Models Available (Other Nvidia GPUs)
RTX 4000 ADA
meta-llama/Llama-3.1-8B-FP8
H100, L40S, or RTX6000 ADA
meta-llama/Llama-3.1-8B
meta-llama/Llama-3.1-8B-FP8
mistralai/Mistral-Nemo-Instruct-2407
mistralai/Mistral-Nemo-Instruct-2407-FP8
Hardware Support
- Only supports DigitalOcean GPU Droplets with Nvidia GPUs
- Supports both single-GPU and multi-GPU configurations
HuggingFace Token
- A HuggingFace Token with Read access is required for downloading the models. Note that some models require applications on HuggingFace website to be downloaded.
- The Hugging Face tokens are stored at /.cache/huggingface directory, under the stored_tokens and token file. Please remove them prior to sharing your droplet to others.
Software Included
Package | Version | License |
---|---|---|
Ubuntu | 24.04 LTS | GPLv3 |
CUDA Toolkit | 12.9 | NVIDIA EULA |
NVIDIA Driver | 575.51.03 | NVIDIA EULA |
vLLM (vllm-openai container) | 0.9.0 | Apache 2.0 |
Creating an App using the Control Panel
Click the Deploy to DigitalOcean button to create a Droplet based on this 1-Click App. If you aren’t logged in, this link will prompt you to log in with your DigitalOcean account.
Creating an App using the API
In addition to creating a Droplet from the 1-Click Inference Ready - Single GPU 1-Click App using the control panel, you can also use the DigitalOcean API. As an example, to create a 4GB 1-Click Inference Ready - Single GPU Droplet in the SFO2 region, you can use the following curl
command.

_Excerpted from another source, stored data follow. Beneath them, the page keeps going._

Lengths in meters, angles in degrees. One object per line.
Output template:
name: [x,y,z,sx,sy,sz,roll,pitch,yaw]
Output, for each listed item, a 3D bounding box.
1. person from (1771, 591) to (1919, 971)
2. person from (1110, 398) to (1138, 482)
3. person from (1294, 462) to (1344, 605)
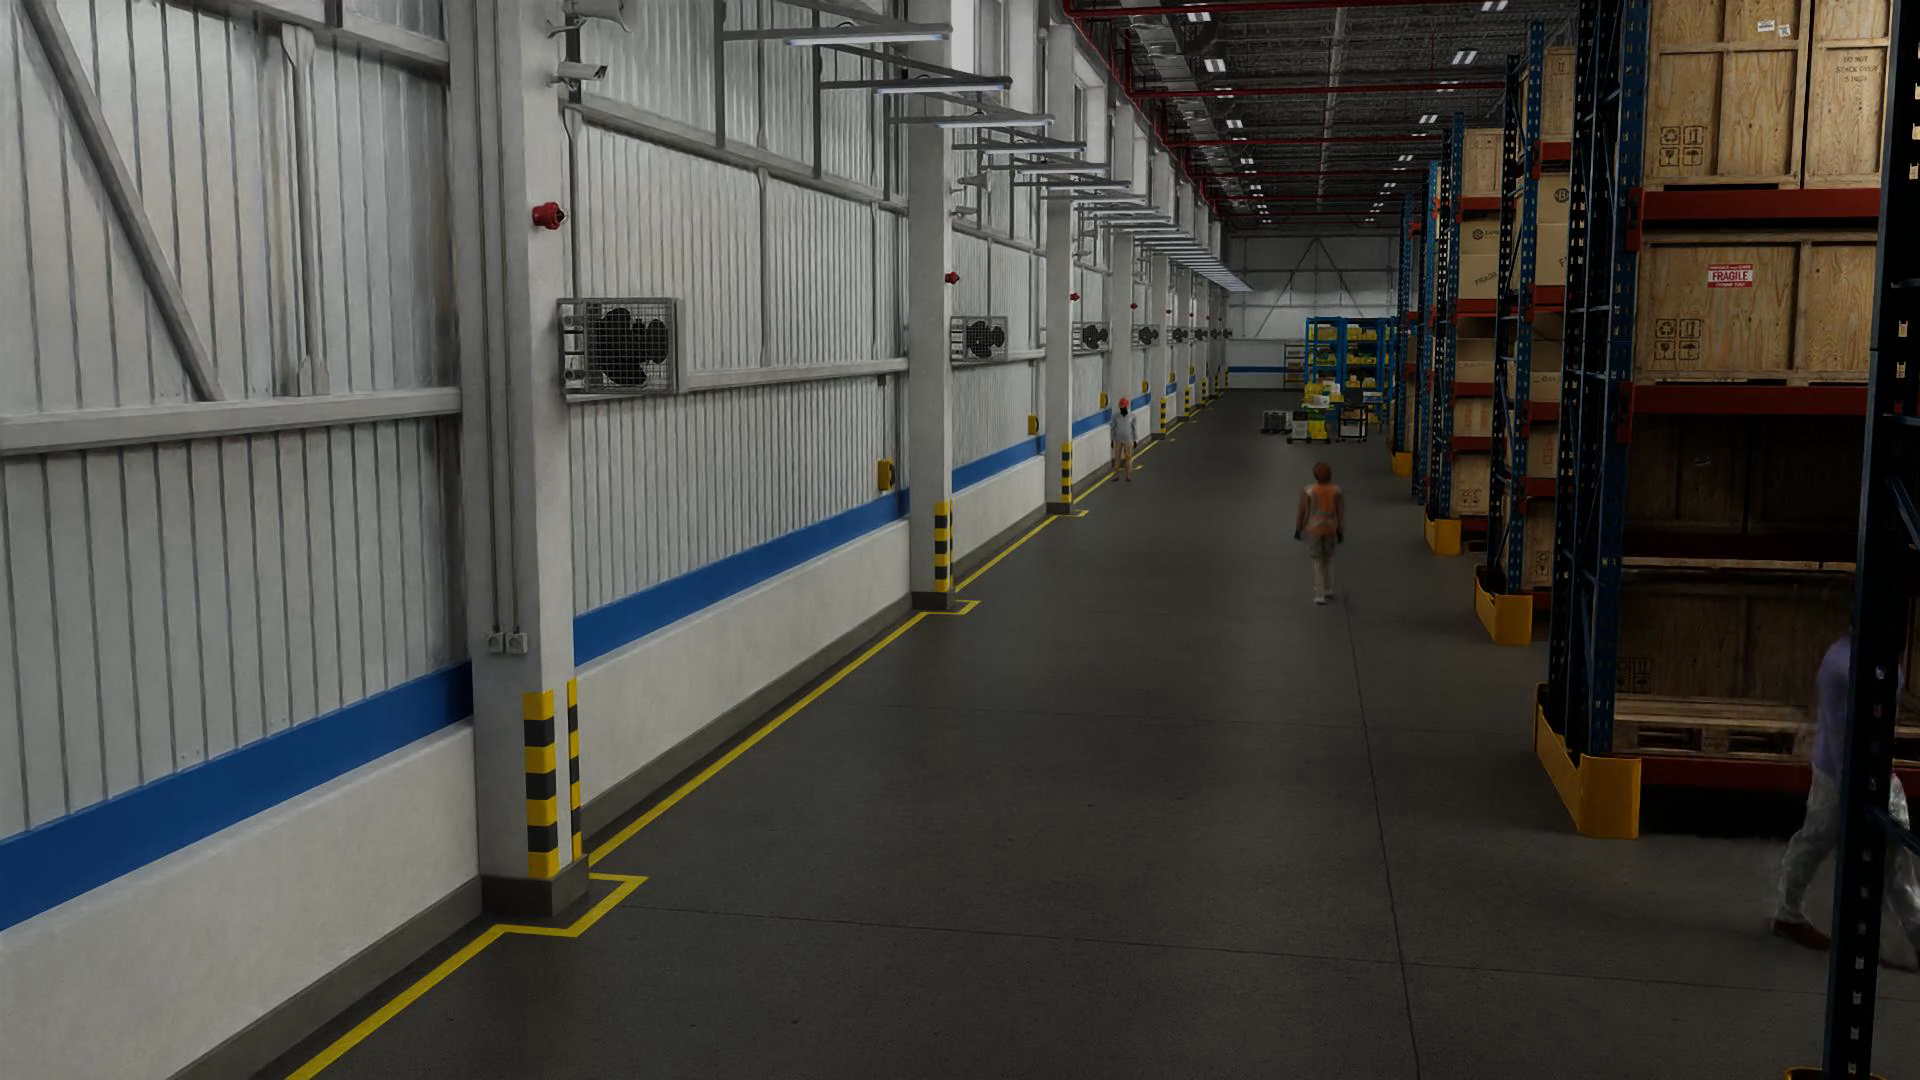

You need to either save your API access token) to an environment variable or substitute it in the command below.
curl -X POST -H 'Content-Type: application/json' \
-H 'Authorization: Bearer '$TOKEN'' -d \
'{"name":"choose_a_name","region":"sfo2","size":"s-2vcpu-4gb","image": "digitaloceanai-1clickinferencer"}' \
"https://api.digitalocean.com/v2/droplets"
Getting Started After Deploying 1-Click Inference Ready - Single GPU
Getting started after deploying the Inference Optimized image
- Access the Droplet Console
-
Navigate to the GPU Droplets page.
-
Locate your newly created Droplet and click on its name.
-
At the top of your screen, select and launch the Web Console.
-
Note: For H100x8, it may take an additional 5 minutes for the machine to become fully operational after it has been activated.
-
Login via SSH
-
If you selected an SSH key during droplet creation:
- Open your preferred SSH client (e.g., PuTTY, Terminal).
-
Use the droplet’s public IP address to log in as root:
ssh root@your_droplet_public_IP
- Ensure your SSH key is added to the SSH agent, or specify the key file directly:
ssh -i /path/to/your/private_key root@your_droplet_public_IP
-
Once connected, you will be logged in as the root user without needing a password.
-
Execute the Inference Optimized Script
- Run the following command:
bash run_model.sh
-
If it’s your first time, input your Hugging Face token from https://huggingface.co/settings/tokens.
-
You’ll be presented with the following options (for H100x8):
- Option 1: Single model (8 GPUs, TP=8)
- Option 2: Two models concurrently (4 GPUs each, TP=4)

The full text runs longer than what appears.